Data supplied
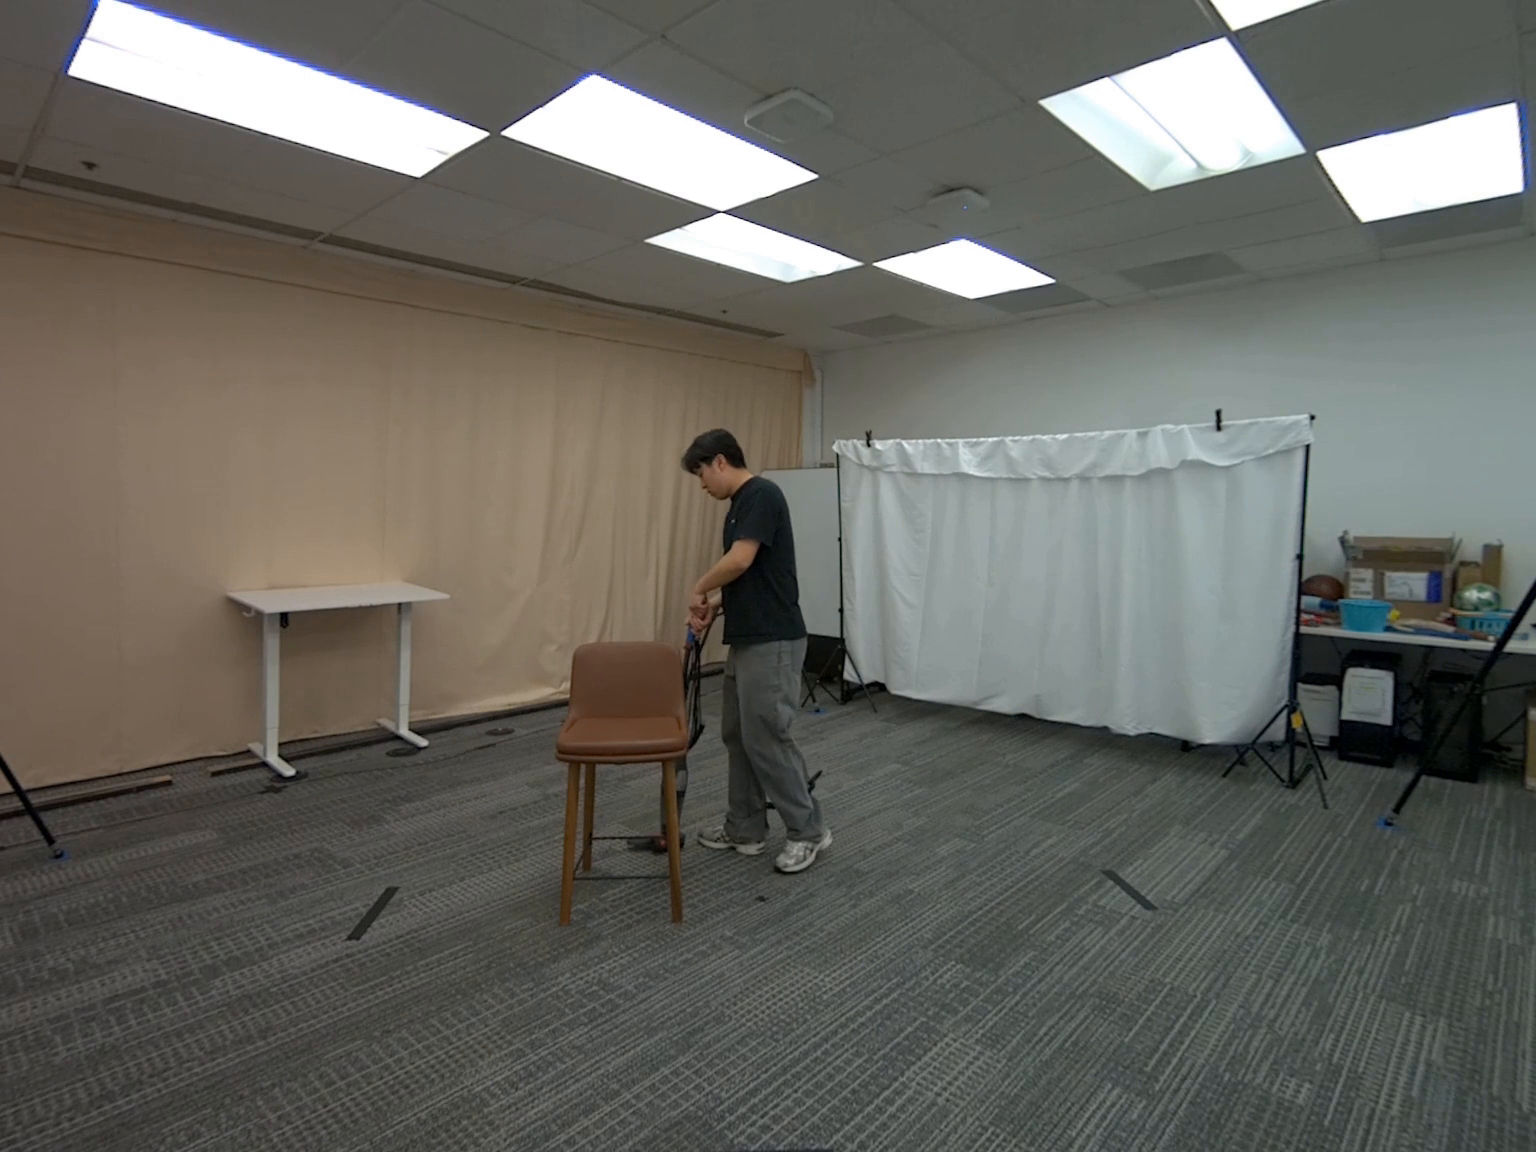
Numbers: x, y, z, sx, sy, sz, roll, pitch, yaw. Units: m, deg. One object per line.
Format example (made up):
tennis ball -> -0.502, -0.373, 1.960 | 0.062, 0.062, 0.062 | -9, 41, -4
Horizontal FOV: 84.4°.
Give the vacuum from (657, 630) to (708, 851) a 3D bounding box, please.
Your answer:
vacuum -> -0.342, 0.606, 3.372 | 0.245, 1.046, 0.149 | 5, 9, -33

Task requirements
Nothing but the lines from the one holding "tennis ball ->" to the end of the entries should be output, each exactly as it appears.

Answer box
tennis ball -> -0.502, -0.373, 1.960 | 0.062, 0.062, 0.062 | -9, 41, -4
Horizontal FOV: 84.4°.
Give the vacuum from (657, 630) to (708, 851) a 3D bounding box, please.
Your answer:
vacuum -> -0.342, 0.606, 3.372 | 0.245, 1.046, 0.149 | 5, 9, -33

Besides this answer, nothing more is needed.